Overview – Aqua Bounty
As an emerging biotechnology company, Aqua Bounty is continuing to expand with two major products in the pipeline.
The first of these, a shrimp therapeutics product, Shrimp IMS, enhances shrimp’s immune system for commercial farming. Aqua Bounty plans to launch the product within 12 months with a large potential market and high hopes.
The second product, AquAdvantage, a genetically modified strain of fish to enhance the growth rates significantly. AquAdvantage is another product with strong market potential for AquaBounty. However, approval from the FDA and other regulatory barriers stand in the way of commercialization.
Furthermore, public perceptions of the product are a risk area for Aqua Bounty. As a result, the commercial success of the product is unknown. To overcome the final development period, before product revenues can be realized, funding through an initial public offering will be required.
The upside of these products should provide great interest from the market, but numerous conditions must proceed in favor of Aqua bounty for the full value to be realized.
Challenges in valuing the company
There are two major uncertainties towards the company’s future, namely FDA approval and customer acceptance.

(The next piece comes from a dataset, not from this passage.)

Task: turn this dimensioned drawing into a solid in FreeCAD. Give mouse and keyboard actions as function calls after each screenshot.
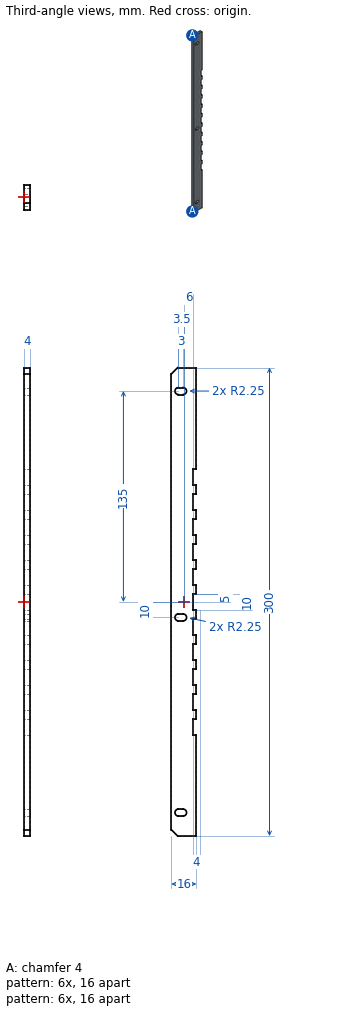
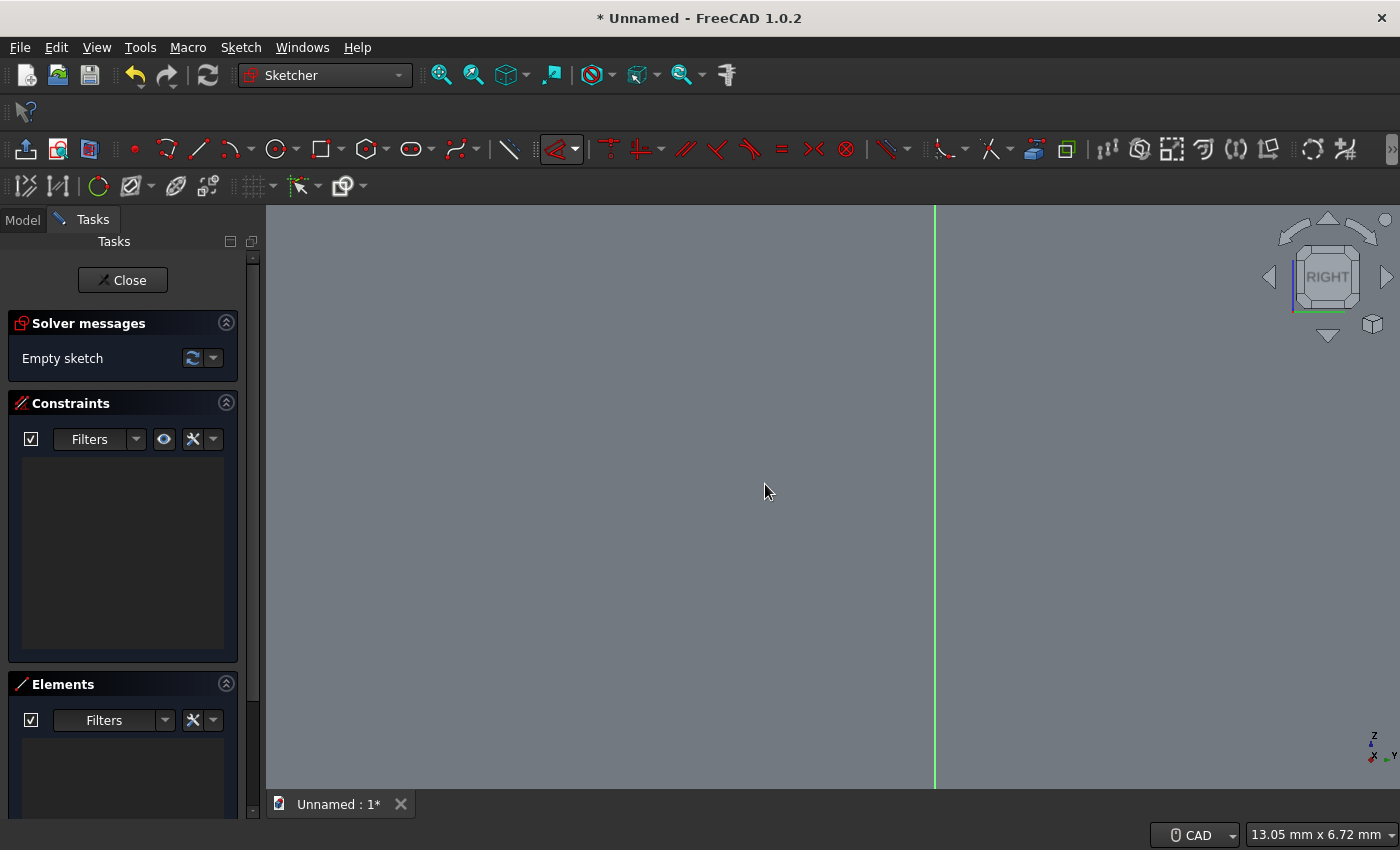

Firstly, Aqua Bounty is uncertain whether the FDA will approve the sales of genetically modified products and when it will happen.
Secondly, once the approval is granted, is it uncertain whether the customers will be receptive to genetically modified fish with the concerns of safety and environmental issues.
Valuation result (DCF)
Once the FDA approval is granted, the AquAdvantage division is sitting on a valuation of $71.43. This is discounted from the three scenarios of revenue growth as a result of various
There are equal probabilities that the division will achieve high, base, and low revenues depending on the market and the customers’ reactions to the genetically modified fish.
With the provision of the baseline projection, the revenue under the pessimistic scenario will be 75% lower than that of the baseline, and revenue under the optimistic scenario will be 75% higher than that of the baseline.